Desirable skills/knowledge/experience: (As applicable) Pyspark, Python, SQL, AWS, GenAI
Data Engineer employer: Webologix Ltd/ INC
Contact Detail:
Webologix Ltd/ INC Recruiting Team
StudySmarter Expert Advice 🤫
We think this is how you could land Data Engineer
✨Tip Number 1
Network like a pro! Reach out to folks in the industry, attend meetups, and connect with potential colleagues on LinkedIn. You never know who might have the inside scoop on job openings or can refer you directly.
✨Tip Number 2
Show off your skills! Create a portfolio showcasing your data pipelines, models, and any projects you've worked on. This is your chance to demonstrate your expertise in PySpark, Python, and AWS – make it shine!
✨Tip Number 3
Prepare for interviews by brushing up on your technical knowledge and problem-solving skills. Practice coding challenges and be ready to discuss your experience with ETL/ELT pipelines and GenAI models. Confidence is key!
✨Tip Number 4
Don’t forget to apply through our website! We’re always on the lookout for talented Data Engineers. Keep an eye on our job listings and get your application in – we’d love to see what you can bring to the team!
We think you need these skills to ace Data Engineer
Some tips for your application 🫡
Tailor Your CV: Make sure your CV highlights your experience with PySpark, Python, and AWS. We want to see how your skills match the role, so don’t be shy about showcasing your relevant projects and achievements!
Craft a Compelling Cover Letter: Your cover letter is your chance to shine! Use it to explain why you’re passionate about data engineering and how your background aligns with our needs at StudySmarter. Keep it engaging and personal!

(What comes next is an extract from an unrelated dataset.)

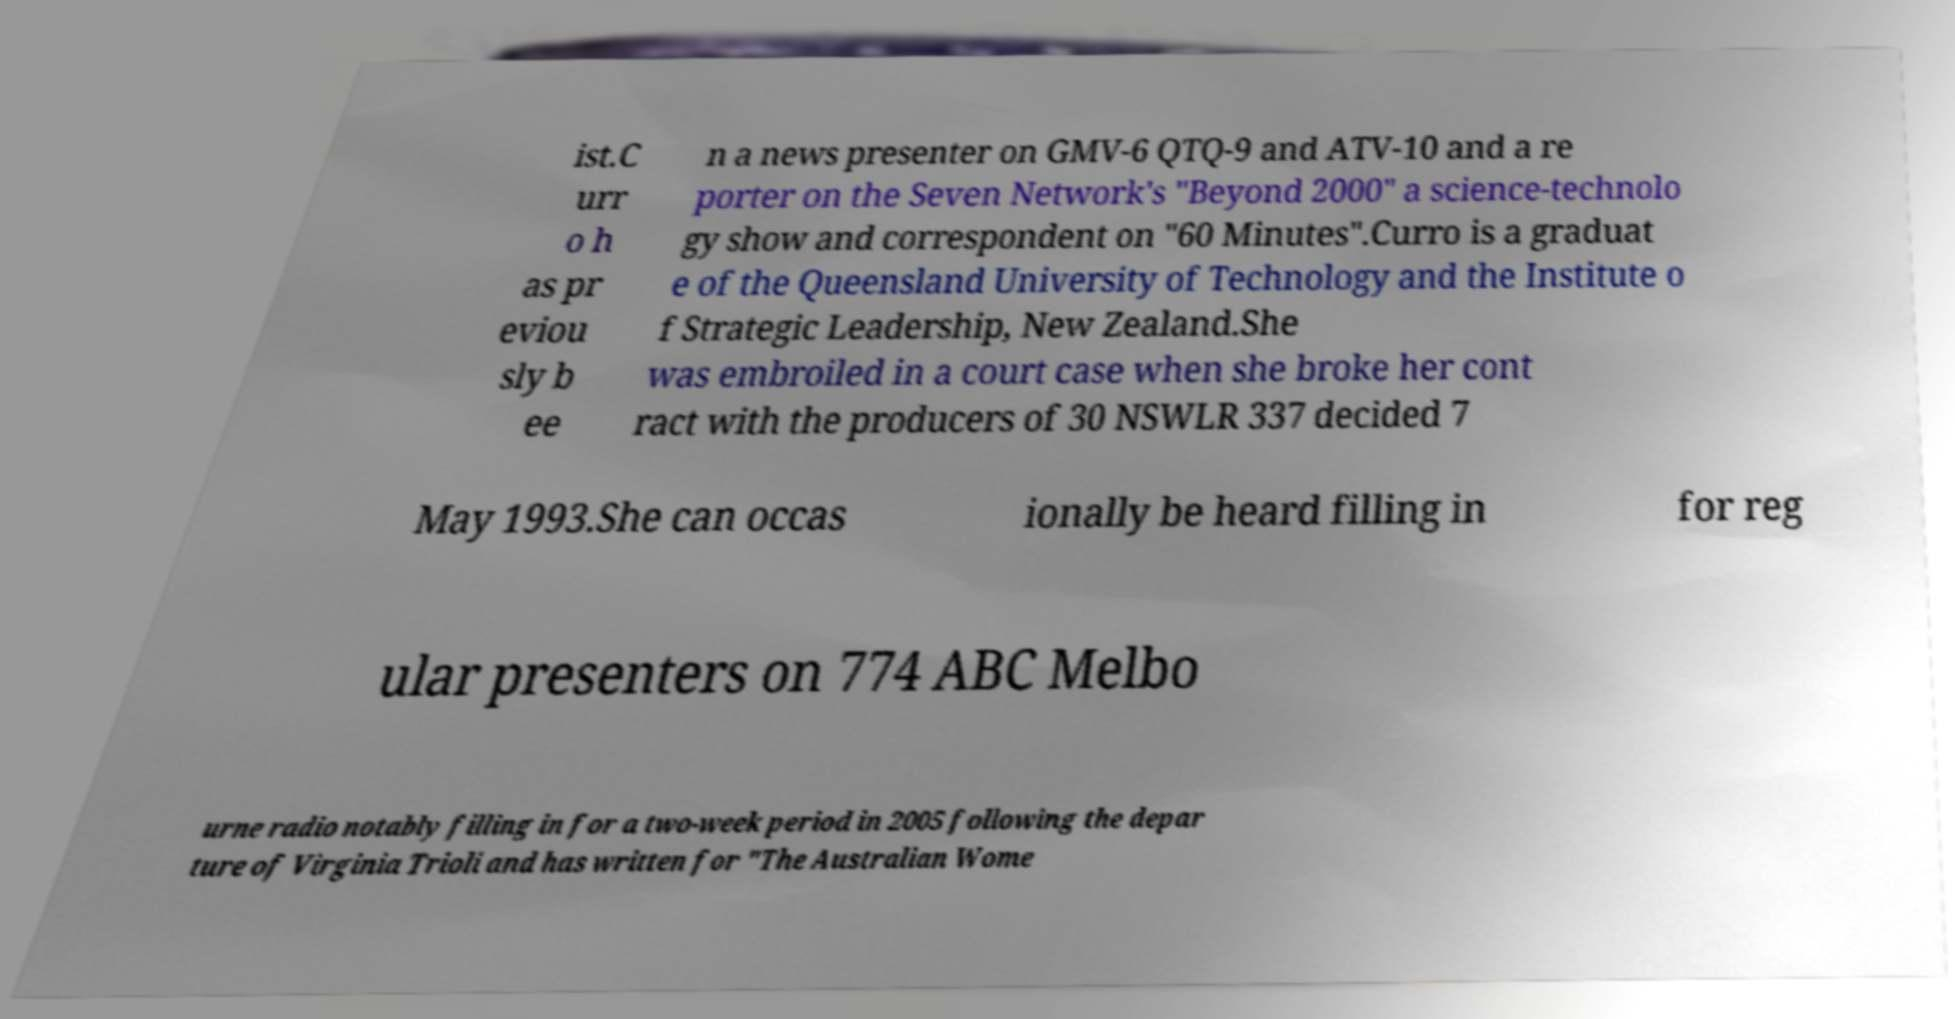Could you extract and type out the text from this image? ist.C urr o h as pr eviou sly b ee n a news presenter on GMV-6 QTQ-9 and ATV-10 and a re porter on the Seven Network's "Beyond 2000" a science-technolo gy show and correspondent on "60 Minutes".Curro is a graduat e of the Queensland University of Technology and the Institute o f Strategic Leadership, New Zealand.She was embroiled in a court case when she broke her cont ract with the producers of 30 NSWLR 337 decided 7 May 1993.She can occas ionally be heard filling in for reg ular presenters on 774 ABC Melbo urne radio notably filling in for a two-week period in 2005 following the depar ture of Virginia Trioli and has written for "The Australian Wome 
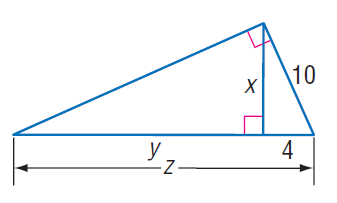Answer the mathemtical geometry problem and directly provide the correct option letter.
Question: Find z.
Choices: A: 17 B: 20 C: 21 D: 25 D

Showcase Your Projects: If you've worked on any cool data pipelines or GenAI models, make sure to mention them! We love seeing practical examples of your work, especially if they demonstrate your problem-solving skills and creativity.
Apply Through Our Website: We encourage you to apply directly through our website. It’s the best way for us to receive your application and ensures you don’t miss out on any important updates from our team!
How to prepare for a job interview at Webologix Ltd/ INC
✨Know Your Tech Inside Out
Make sure you brush up on your PySpark, Python, and AWS skills. Be ready to discuss specific projects where you've designed data pipelines or optimised infrastructure. The more detailed examples you can provide, the better!
✨Showcase Your Problem-Solving Skills
Prepare to talk about challenges you've faced in data engineering, especially with large-scale ETL/ELT processes. Think of a couple of scenarios where you had to debug or optimise a system and how you approached it.
✨Understand GenAI and LLMs
Since this role involves working with GenAI models, be prepared to discuss your experience with model creation, finetuning, and evaluation. Bring examples of how you've implemented RAG architectures or worked with vector databases.
✨Collaboration is Key
This position requires working with cross-functional teams, so be ready to share experiences where you collaborated with others. Highlight how you ensured high-quality data and operational reliability in those projects.